[Dataset items]

····················

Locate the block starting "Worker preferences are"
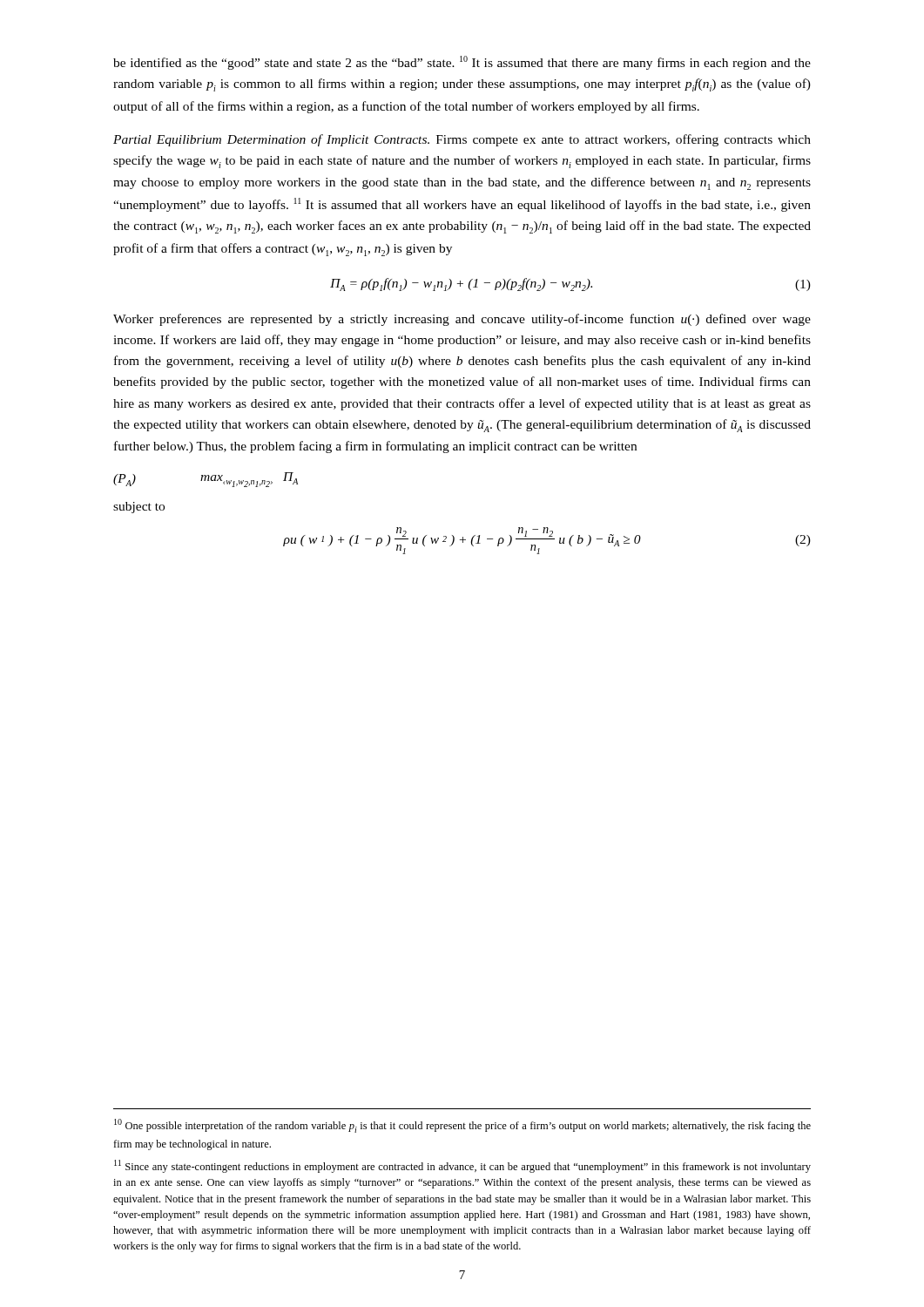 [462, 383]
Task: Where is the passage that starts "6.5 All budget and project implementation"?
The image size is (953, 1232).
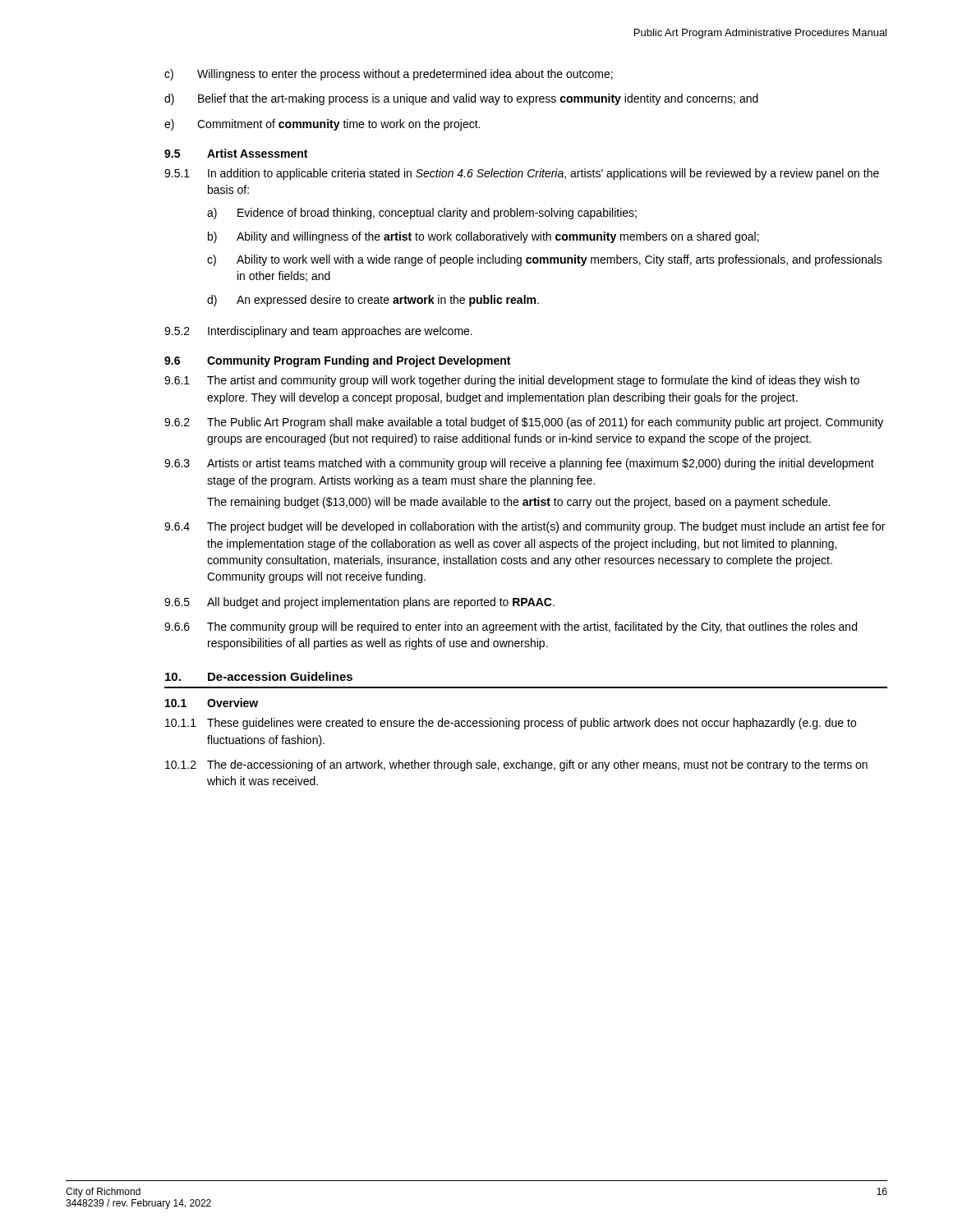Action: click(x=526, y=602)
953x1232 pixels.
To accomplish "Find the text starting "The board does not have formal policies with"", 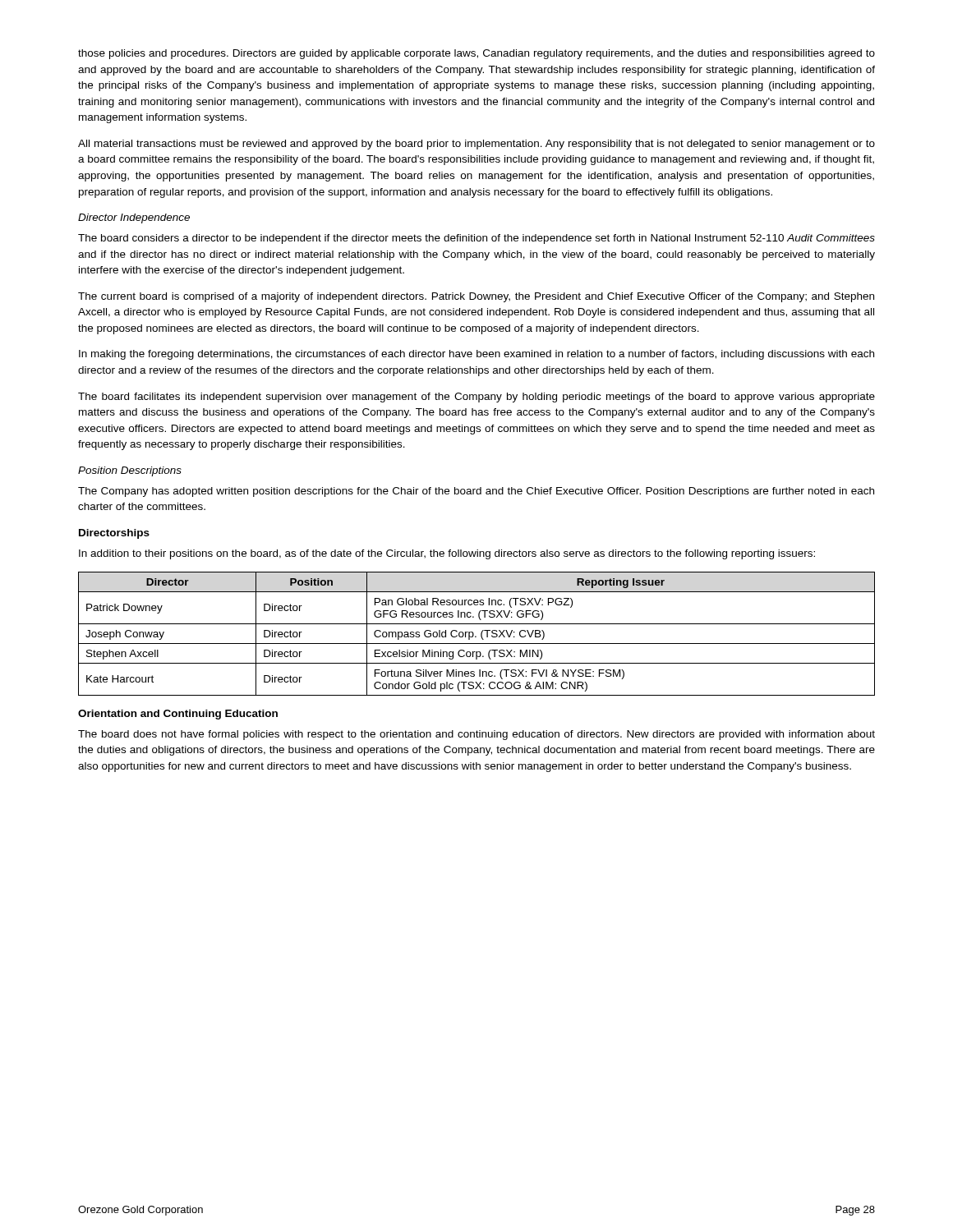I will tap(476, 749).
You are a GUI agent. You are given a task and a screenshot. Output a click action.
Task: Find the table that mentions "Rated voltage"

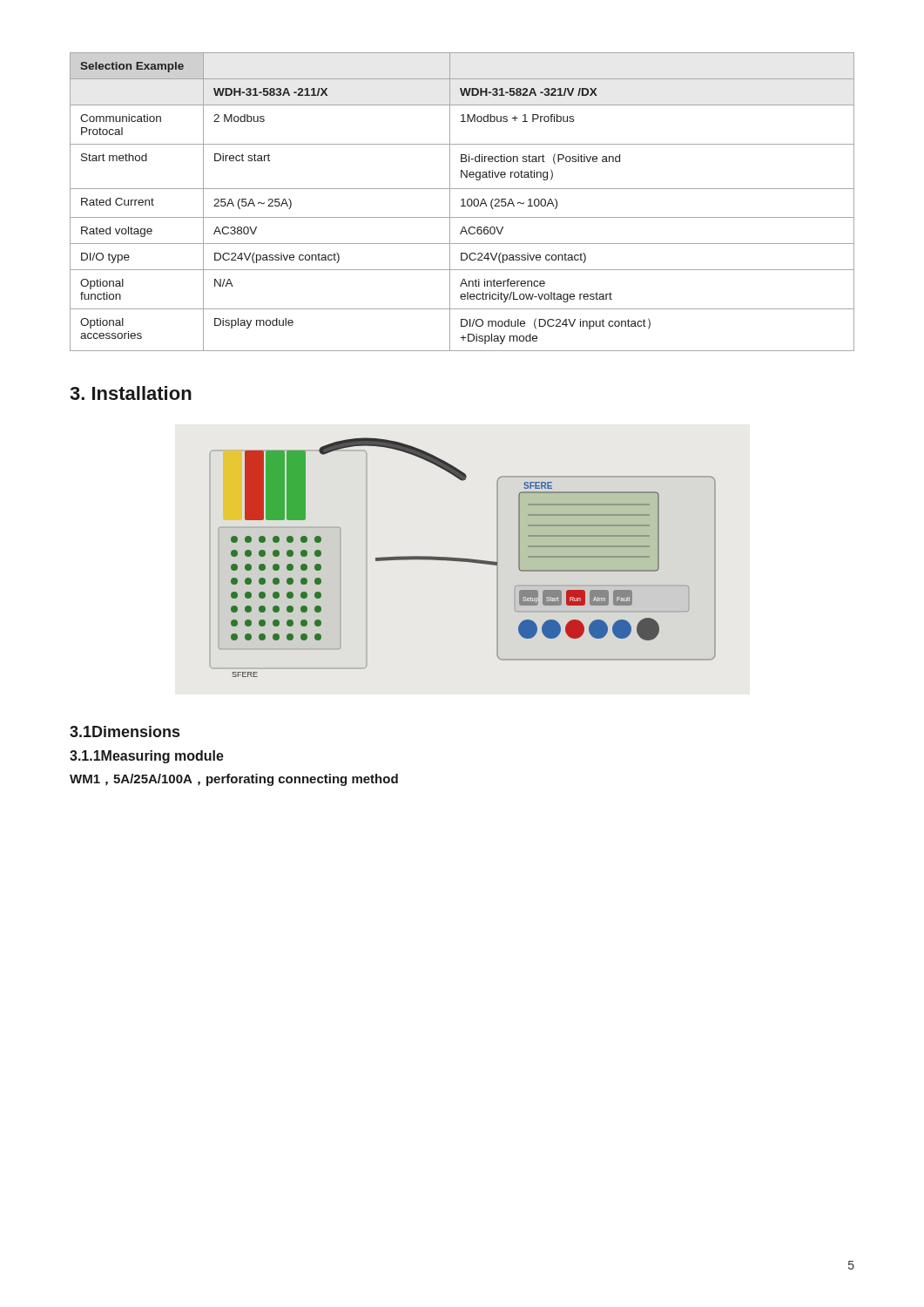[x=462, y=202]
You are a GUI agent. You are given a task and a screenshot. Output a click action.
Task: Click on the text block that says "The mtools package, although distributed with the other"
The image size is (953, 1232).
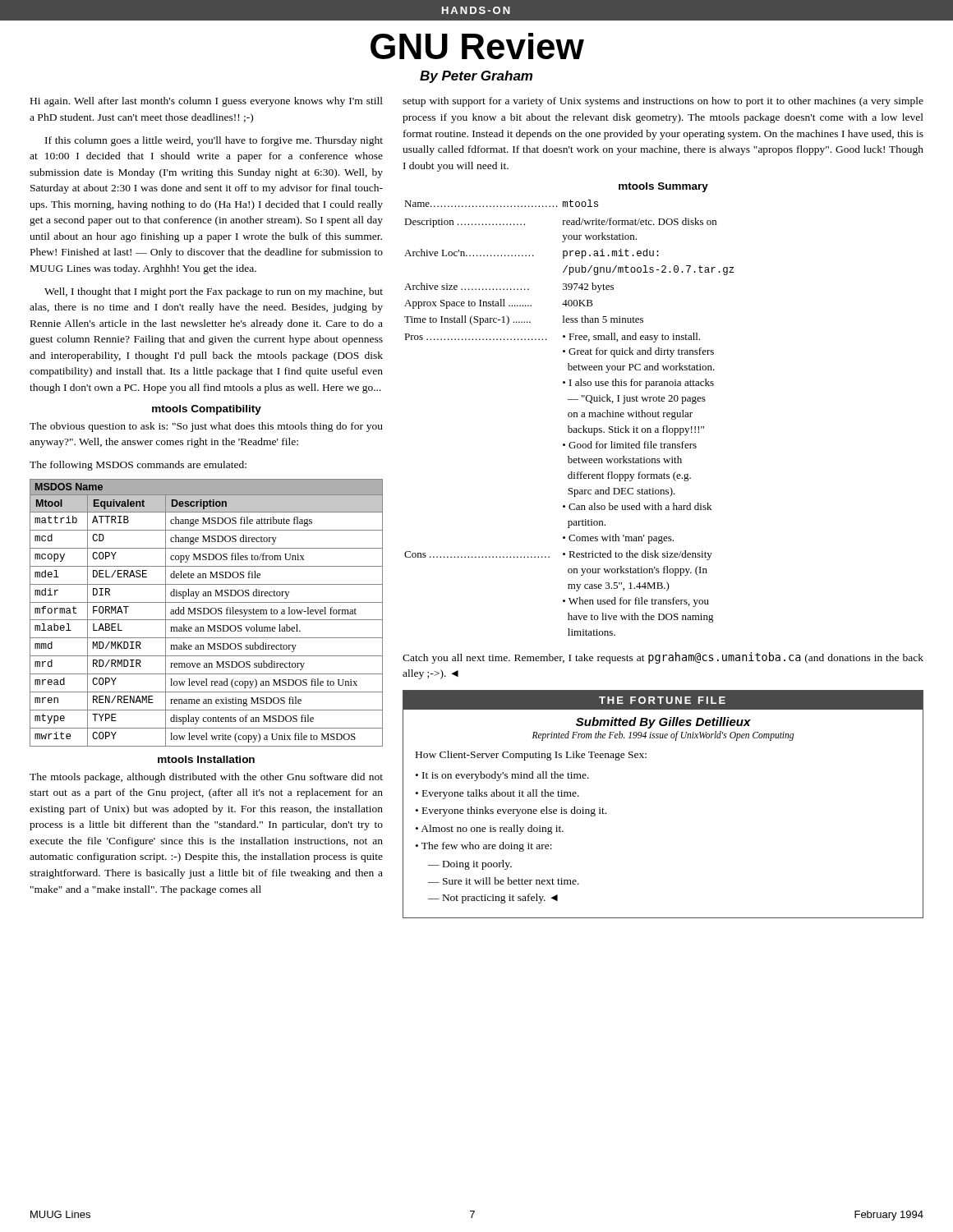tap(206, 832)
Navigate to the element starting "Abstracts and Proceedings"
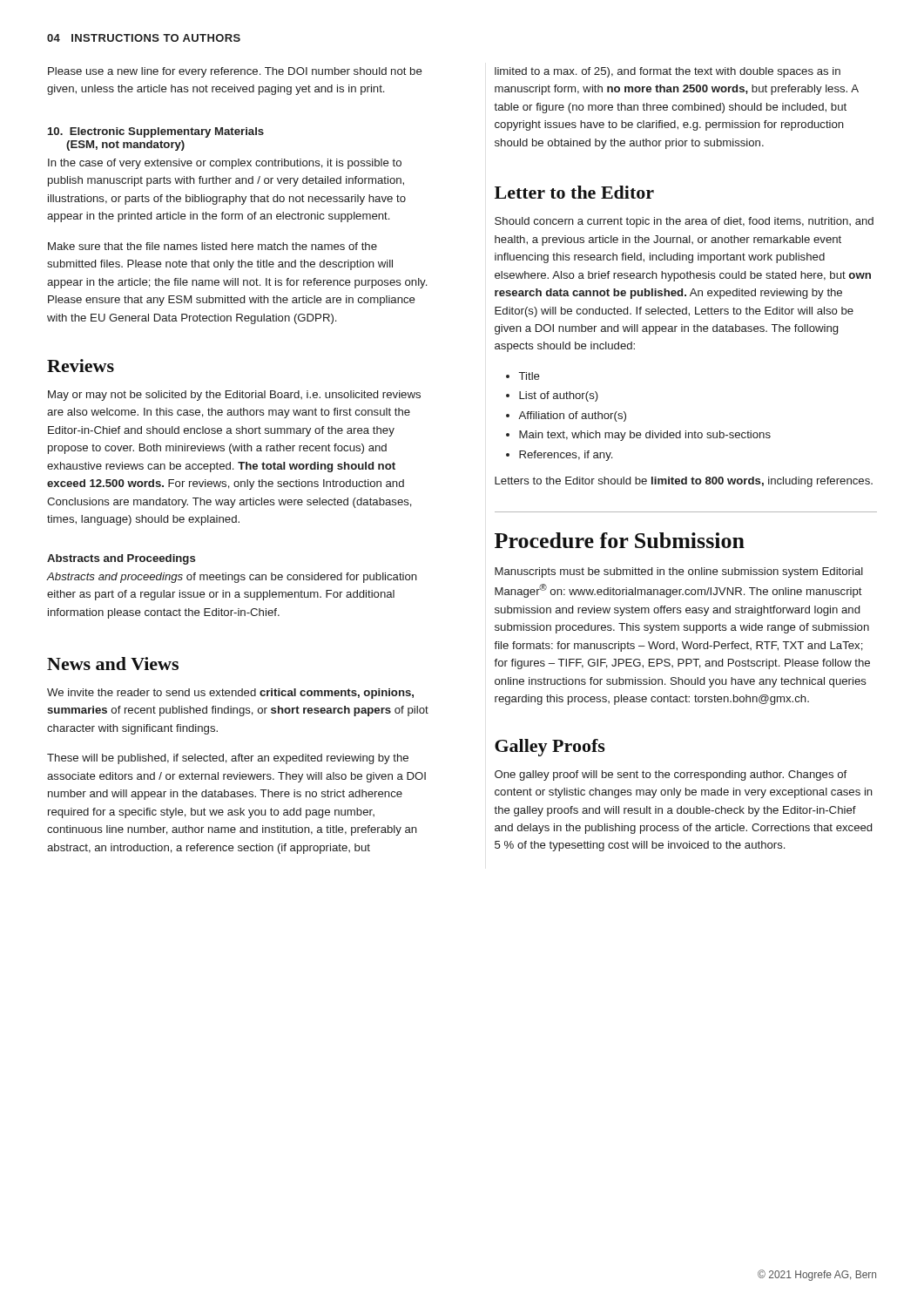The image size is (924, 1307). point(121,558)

····················

**Work request:** The answer must be the part of the records that opens with the line containing "Task: Where is" and closes with the line containing "953x1232 pixels.", reproduced exactly, with no pictures.

**Task solution:**
Task: Where is the passage that starts "6.5 All budget and project implementation"?
The image size is (953, 1232).
Action: click(x=526, y=602)
953x1232 pixels.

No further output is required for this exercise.